Autosomal recessive hyper-IgE syndrome (AR-HIES) caused by DOCK8 gene is a rare immunodeficiency disease, the main clinical manifestations include recurrent Eczema-like rash, skin and lung abscesses, accompanied with increased serum IgE level. Here, we report a 7-year-old Chinese girl with a new clinic features caused by DOCK8 gene mutations.

Case presentation

A 7-year-old girl was admitted to our hospital because of abnormal walking posture. The clinical manifestations of the patient included abnormal gait, eczema-like rash, fingertip abscess, high muscle tone, and facial paralysis.
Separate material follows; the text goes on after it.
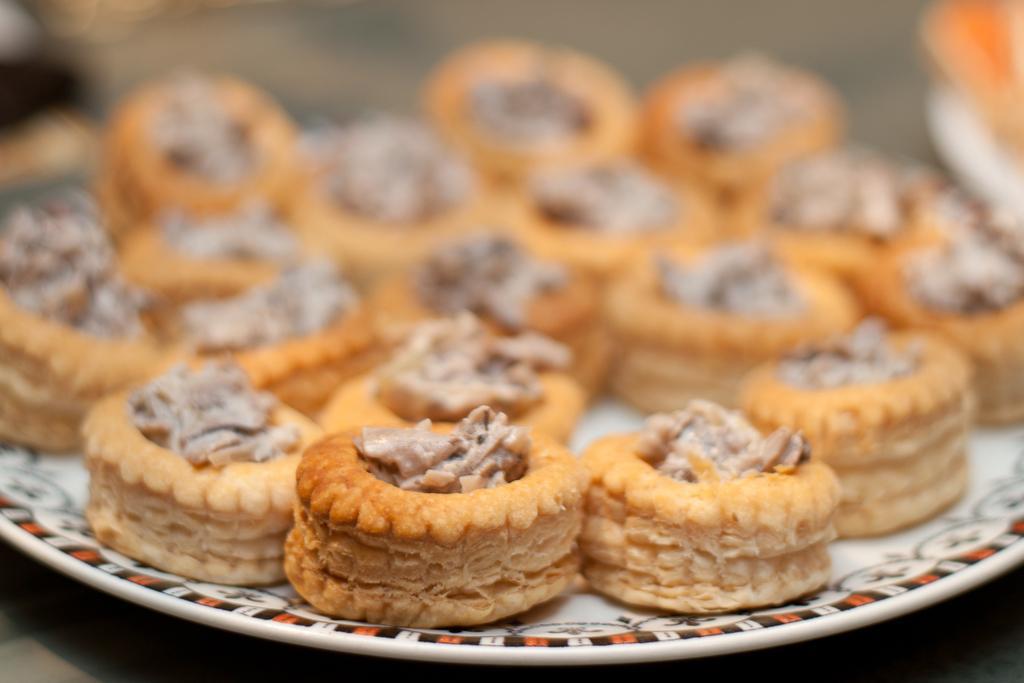Please provide a concise description of this image. In this image we can see some food items on the plate, and the background is blurred.

Among them, high muscle tone and facial paralysis are new clinic features which have not been reported previously. The blood eosinophils and serum IgE levels were significantly increased, and the lymphocyte subsets indicated a decrease of T lymphocytes. The magnetic resonance imaging (MRI) of her brain suggested myelin dysplasia and brain atrophy. Two novel compound heterozygous mutations (c.1868 + 2 T > C and c.5962-2A > G) of DOCK8 gene were identified by whole exome sequencing. By literature review, there are 11 mutations of DOCK8 gene in Chinese AR-HIES patients.

Conclusions

Two novel splice-site mutations(c.1868 + 2 T > C and c.5962-2A > G) of DOCK8 gene and new clinic features were found in a Chinese girl with AR-HIES, which extends our understanding of DOCK8 gene mutation spectrum and phenotype of AR-HIES in children.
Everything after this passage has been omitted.